EXERCISE: In the entries below, begin at the line with "What is the main" and stop after the line with "Answer: ATS What"; output those lines exactly and omit the pictures.

(Extracted records)
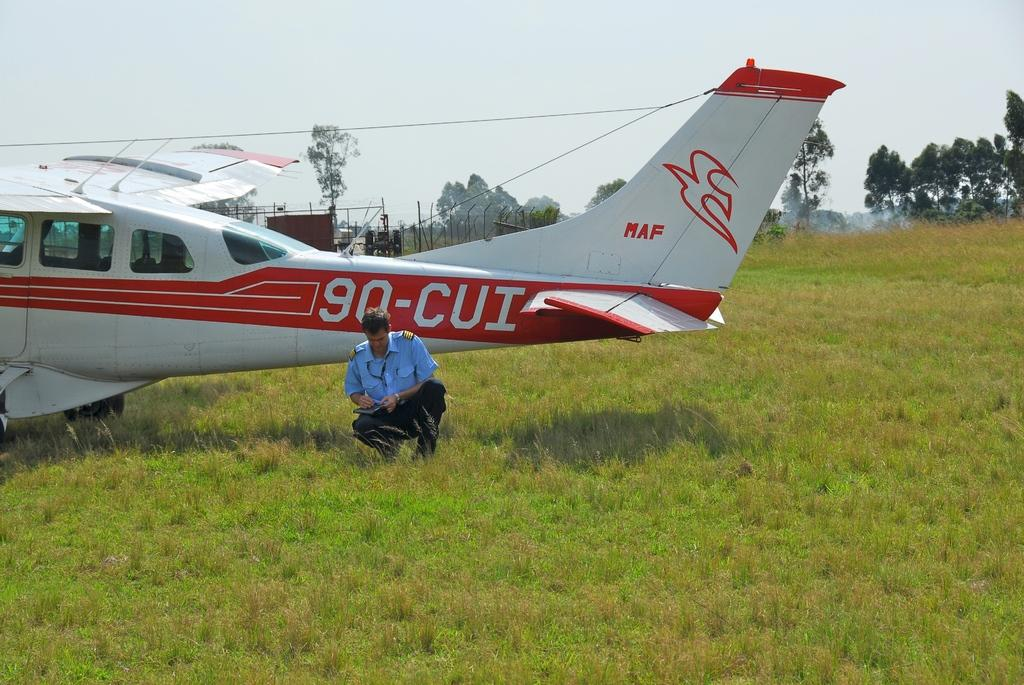<image>
Relay a brief, clear account of the picture shown. A man in a pilot uniform squatting in the grass next to the red and white small aircraft 90-CUI. 
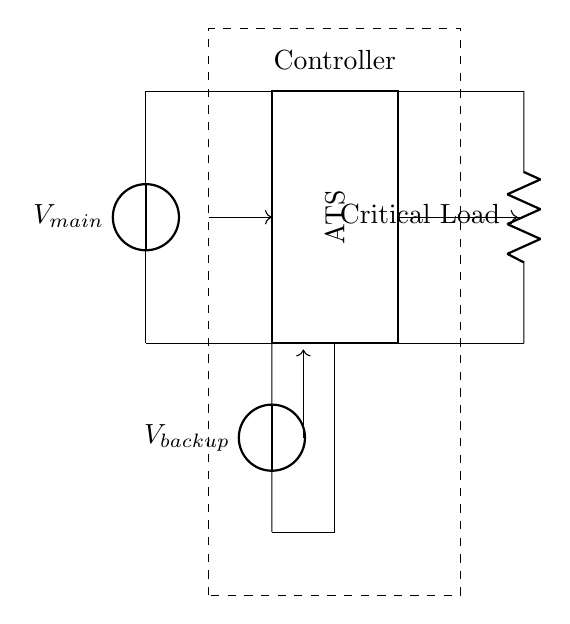What is the main power supply voltage? The circuit labels the main power supply as V_main, but does not specify a numerical value. In typical scenarios, it may be something like 120V or 240V depending on the location, but without further context, we cannot assign a specific number.
Answer: V_main What component is represented by the rectangle in the circuit? The thick rectangle indicates an Automatic Transfer Switch (ATS), which is used to switch between the main power supply and backup power supply depending on availability. It is clearly labeled in the circuit diagram.
Answer: ATS What connects the backup power supply to the ATS? The backup power supply connects to the ATS through a wire that bridges the two components vertically at the bottom and then runs horizontally to the ATS, which allows for transferring power when needed.
Answer: Wire What is the purpose of the controller in this circuit? The controller, encapsulated in a dashed rectangle, is typically responsible for monitoring the power status and controlling the operation of the ATS, triggering it to switch based on the power conditions.
Answer: Monitoring How does the ATS determine which power source to use? The ATS typically uses sensors that detect the state of the main power supply. If it fails, signals are sent to the ATS to switch to the backup power system, as seen by the connection arrows leading into and out of the controller and ATS.
Answer: Sensors What happens when the main power supply fails? When the main power supply fails, the sensors will detect this condition, prompting the ATS to switch to the backup power supply to ensure the critical load (data storage) continues functioning. This is illustrated by the flow from the backup source through the ATS to the load.
Answer: Backup power is activated How is the critical load connected in this circuit? The critical load is indicated as a resistor labeled "Critical Load" connecting from the ATS output, ensuring that essential systems such as data storage remain operational during power disruptions through a direct connection.
Answer: Directly connected 
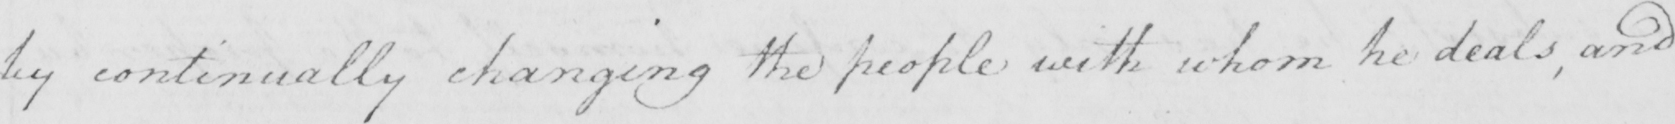Please transcribe the handwritten text in this image. by continually changing the people with whom he deals , and 
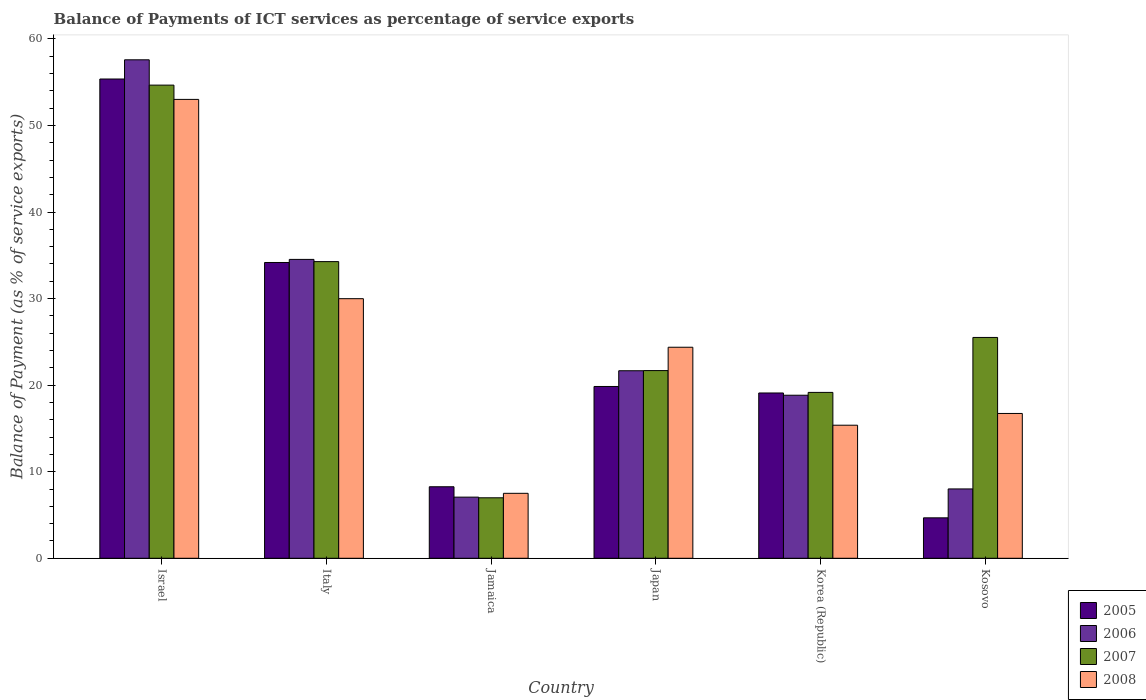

REPLY:
What is the main power supply voltage? The circuit labels the main power supply as V_main, but does not specify a numerical value. In typical scenarios, it may be something like 120V or 240V depending on the location, but without further context, we cannot assign a specific number.
Answer: V_main What component is represented by the rectangle in the circuit? The thick rectangle indicates an Automatic Transfer Switch (ATS), which is used to switch between the main power supply and backup power supply depending on availability. It is clearly labeled in the circuit diagram.
Answer: ATS What connects the backup power supply to the ATS? The backup power supply connects to the ATS through a wire that bridges the two components vertically at the bottom and then runs horizontally to the ATS, which allows for transferring power when needed.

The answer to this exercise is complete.